2941 c.c., n. 8. Con specifico riferimento alla questione all'esame va, tuttavia, osservato che
il termine occultamento non indica necessariamente l'assoluta mancanza di qualsivoglia
elemento documentale che renda possibile l'eventuale accertamento della posizione
lavorativa o delle retribuzioni, posto che anche soltanto attraverso la mancata (o
incompleta o non conforme al vero) denuncia obbligatoria viene celata all'ente
previdenziale (e, quindi, occultata) l'effettiva sussistenza dei presupposti fattuali
dell'imposizione e ciò, si badi, proprio attraverso l'adempimento funzionalmente diretto a
consentire all'Istituto l'agevole conoscenza, mese per mese, del proprio credito
contributivo.
Nè a contrario avviso può condurre il rilievo che, in ipotesi di registrazione dei rapporti e
delle effettive retribuzioni, l'ente impositore potrebbe venire a conoscenza della situazione
effettiva, atteso che tale conoscenza resterebbe, in difetto di una denuncia periodica
veritiera, meramente eventuale, collegata cioè ad un altrettanto eventuale accertamento
(ovvero al raffronto tra i dati di cui alla denuncia obbligatoria e quelli ricavabili dai CUD
consegnati ai lavoratori), e non farebbe quindi venir meno, in relazione alla denuncia
infedele, l'occultamento dei rapporti o delle retribuzioni (che, a tutto concedere,
sussisterebbe comunque fintanto che non fossero - eventualmente - attuati gli
accertamenti ispettivi o i raffronti con i dati evincibili dai modelli CUD).
Nè può sottacersi che, come già posto in luce dalla pronuncia delle Sezioni Unite n.
4808/2005, un'interpretazione meno rigorosa del concetto di omissione, esteso a tutte le
ipotesi che in qualunque modo abbiano reso possibile all'Ente previdenziale l'accertamento
degli inadempimenti contributivi, anche a distanza di tempo, o in ritardo rispetto alle
cadenze informative periodiche prescritte dalla legge, aggraverebbe la posizione
dell'Istituto, imponendogli un'incessante attività ispettiva, laddove il sistema postula,
anche nel suo aspetto contributivo, per la sua funzionalità, una collaborazione spontanea
tra i soggetti interessati.
Quanto al secondo requisito, di carattere soggettivo, è agevole rilevare che, stante il
suddetto collegamento funzionale tra denunce mensili obbligatorie e pagamento dei
contributi dovuti, l'omissione o l'infedeltà della denuncia è di per sè sintomatica (ove non
meramente accidentale, episodica, strettamente marginale) della volontà di occultare i
rapporti e le retribuzioni al fine di evitare, nell'auspicata (beninteso dal datore di lavoro
infedele) e non implausibile possibilità che la mancanza di successivi accertamenti o
riscontri (da attuarsi per di più nell'ambito temporale dei termini prescrizionali)
consentano de facto di sottrarsi all'adempimento contributivo ovvero di effettuare il
pagamento della contribuzione in misura inferiore al dovuto; ne', d'altra parte, potrebbe
altrimenti comprendersi, se non appunto ove dettata da tale fine, l'omissione nelle
denunce obbligatorie di dati di cui comunque il datore di lavoro è evidentemente a
conoscenza, per averli, in tesi, già altrimenti registrati.
Ne discende che, in linea generale, l'inoltro di denunce infedeli o la loro omissione da un
lato configura occultamento dei rapporti di lavoro o delle retribuzioni erogate o di
entrambi e, dall'altro e al contempo, fa presumere l'esistenza di una specifica volontà
datoriale di sottrarsi al versamento dei contributi dovuti.
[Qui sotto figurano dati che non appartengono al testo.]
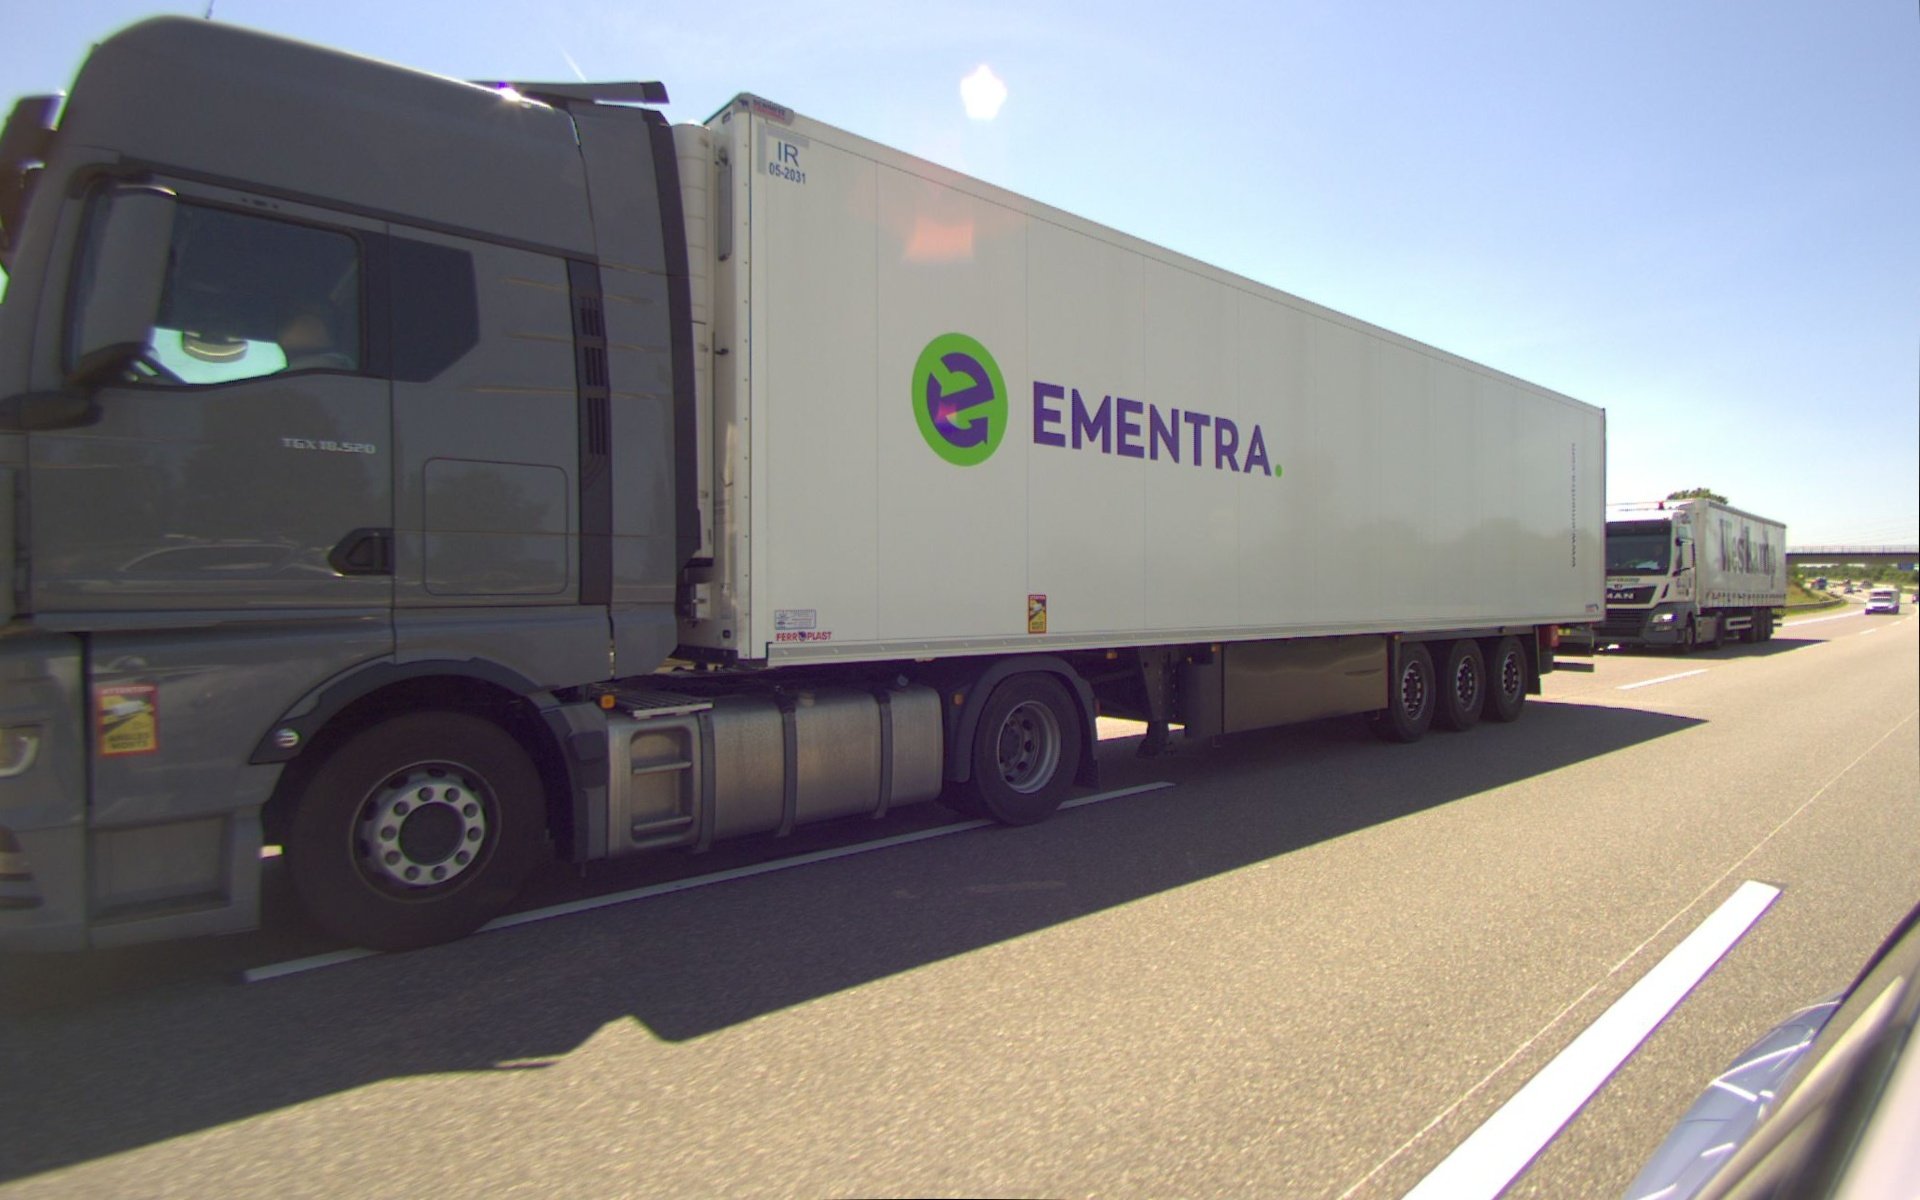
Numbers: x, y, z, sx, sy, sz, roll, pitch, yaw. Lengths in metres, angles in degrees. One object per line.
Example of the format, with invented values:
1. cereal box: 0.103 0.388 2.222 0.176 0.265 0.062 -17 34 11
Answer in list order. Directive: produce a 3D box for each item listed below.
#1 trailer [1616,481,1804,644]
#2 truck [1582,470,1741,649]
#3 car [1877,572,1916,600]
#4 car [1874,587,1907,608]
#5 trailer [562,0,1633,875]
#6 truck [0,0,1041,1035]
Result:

Non può d'altra parte
condividersi l'avviso secondo cui la suddetta interpretazione condurrebbe all'inutilità della
modifica normativa introdotta dalla L. n. 388 cit, posto che, al contrario, proprio il rilievo
dato all'elemento intenzionale consente, anche in ipotesi di denunce omesse o non
veritiere, di escludere l'ipotesi dell'evasione, cosicché la suddetta presunzione (proprio
perché non assoluta) può essere vinta, con onere probatorio a carico del datore di lavoro
inadempiente, attraverso l'allegazione e prova di circostanze dimostrative dell'assenza del
fine fraudolento (perché, ad esempio, gli inadempimenti sono derivati da mera negligenza
o da altre circostanze contingenti).
In definitiva, il ricorso è stato accolto e cassa l'impugnata sentenza.